M. [O] [F] ALIAS [U] né le 26 Décembre 1975, demeurant [Adresse 3] représenté par Me Bachira HAMANI YEKKEN, avocat au barreau de BOULOGNE-SUR-MER substituée par Me Delphine SAGNIEZ, avocat au barreau de BOULOGNE-SUR-MER

DÉBATS : 14 Novembre 2024

PROCÉDURE : l'affaire a été mise au rôle sous le N° RG 24/00209 - N° Portalis DBZ3-W-B7I-75W5J et plaidée à l'audience publique du 14 Novembre 2024ier 2025 pour le jugement suivant mis à disposition au greffe le 16 Janvier 2025, les parties étant avisées

Et après délibéré :

PRESENTATION DU LITIGE

Aux termes d’un acte authentique dressé par Me [S] [D], notaire à [Localité 7] en date des 06 et 23 novembre 2017, Madame [M] [K] a donné à bail à Monsieur [O] [F], à compter du 06 novembre 2017, une maison à usage d’habitation située [Adresse 4] à [Localité 8] pour une durée de trois années, moyennant le paiement d’un loyer initial de 8400,00 euros, payable mensuellement et d’avance par termes de 700,00 euros.

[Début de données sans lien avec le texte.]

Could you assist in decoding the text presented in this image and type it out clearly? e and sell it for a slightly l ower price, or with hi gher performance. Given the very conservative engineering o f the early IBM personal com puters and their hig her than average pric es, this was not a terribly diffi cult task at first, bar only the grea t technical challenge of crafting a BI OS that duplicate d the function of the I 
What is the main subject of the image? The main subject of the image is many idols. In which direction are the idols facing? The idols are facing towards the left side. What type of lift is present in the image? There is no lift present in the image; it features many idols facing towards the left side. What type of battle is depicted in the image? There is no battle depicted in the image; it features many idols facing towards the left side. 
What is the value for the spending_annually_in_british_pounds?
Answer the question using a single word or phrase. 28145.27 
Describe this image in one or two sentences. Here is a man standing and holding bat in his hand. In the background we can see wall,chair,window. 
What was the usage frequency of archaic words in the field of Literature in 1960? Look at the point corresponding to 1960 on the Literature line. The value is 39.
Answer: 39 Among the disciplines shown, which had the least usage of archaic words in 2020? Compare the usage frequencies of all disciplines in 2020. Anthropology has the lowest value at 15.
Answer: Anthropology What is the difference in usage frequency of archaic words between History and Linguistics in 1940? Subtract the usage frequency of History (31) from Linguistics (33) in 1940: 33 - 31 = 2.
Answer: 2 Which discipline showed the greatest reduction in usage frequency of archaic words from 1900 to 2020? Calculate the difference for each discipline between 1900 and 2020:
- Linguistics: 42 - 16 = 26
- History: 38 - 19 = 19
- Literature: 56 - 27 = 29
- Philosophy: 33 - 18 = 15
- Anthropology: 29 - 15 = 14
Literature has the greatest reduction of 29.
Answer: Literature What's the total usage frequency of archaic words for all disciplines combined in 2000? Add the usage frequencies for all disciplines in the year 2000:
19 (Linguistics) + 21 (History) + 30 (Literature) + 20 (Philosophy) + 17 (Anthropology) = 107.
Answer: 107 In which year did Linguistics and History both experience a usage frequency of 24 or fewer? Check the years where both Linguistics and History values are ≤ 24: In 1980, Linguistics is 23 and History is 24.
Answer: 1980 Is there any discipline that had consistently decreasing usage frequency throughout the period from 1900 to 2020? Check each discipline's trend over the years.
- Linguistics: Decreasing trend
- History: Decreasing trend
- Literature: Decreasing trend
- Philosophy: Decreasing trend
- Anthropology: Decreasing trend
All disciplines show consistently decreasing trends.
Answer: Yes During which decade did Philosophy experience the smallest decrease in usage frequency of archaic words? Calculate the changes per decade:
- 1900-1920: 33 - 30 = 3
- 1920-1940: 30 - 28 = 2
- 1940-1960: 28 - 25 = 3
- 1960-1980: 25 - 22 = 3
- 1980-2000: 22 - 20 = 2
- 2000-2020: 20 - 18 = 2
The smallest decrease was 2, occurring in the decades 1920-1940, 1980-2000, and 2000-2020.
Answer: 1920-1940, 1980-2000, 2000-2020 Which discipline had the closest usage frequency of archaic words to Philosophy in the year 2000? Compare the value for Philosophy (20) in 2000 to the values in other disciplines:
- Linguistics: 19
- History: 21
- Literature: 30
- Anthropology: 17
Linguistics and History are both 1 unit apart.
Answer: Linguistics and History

Par acte de commissaire de justice signifié le 07 mars 2023, la bailleresse a donné congé à Monsieur [O] [F] ALIAS [U] pour le 05 novembre 2023 l’informant de son intention de vendre le logement moyennant la somme de 150.000,00 euros.

N’ayant pas manifesté son intention d’acquérir ni quitté les lieux dans les délais requis, Mme [M] [K] a fait citer Monsieur [O] [F] ALIAS [U] devant le juge des contentieux de la protection de [Localité 7] par acte de commissaire de justice du 19 janvier 2024, au visa de l’article 15-II de la loi du 6 juillet 1989, aux fins de :

Constater que Monsieur [O] [F] ALIAS [U] est actuellement sans droit ni titre du logement depuis le 6 novembre 2023 et, en conséquence : Ordonner l’expulsion immédiate du défendeur, de sa personne, de ses biens, de tous occupants de son chef et dire qu’il sera procédé par tous moyens et notamment si besoin est avec le concours de la force publique ; Condamner le défendeur à payer une indemnité d’occupation égale au montant des loyers et charges jusqu’à son départ effectif des lieux ou son expulsion ; Condamner le défendeur au paiement d’une somme de 2000,00 euros à titre de dommages et intérêts au titre du préjudice de la demanderesse ; Condamner le défendeur au paiement d’une somme de 1000,00 euros en application des dispositions de l’article 700 du code de procédure civile ; Condamner le défendeur au paiement des dépens de l’instance et de ses suites comprenant notamment le coût du congé pour vente, de la présente assignation et plus généralement de tous les actes rendus nécessaires par la présente procédure. Elle expose qu’à l’expiration du délai prévu au congé Monsieur [O] [F] ALIAS [U] n’a pas quitté le logement ni restitué les clés et qu’il s’est maintenu dans les lieux sans droit ni titre ; Que le congé étant régulier tant au fond qu’en la forme le défendeur est déchu de tout titre d’occupation conformément aux termes de l’article 15-II de la loi du 6 juillet 1989.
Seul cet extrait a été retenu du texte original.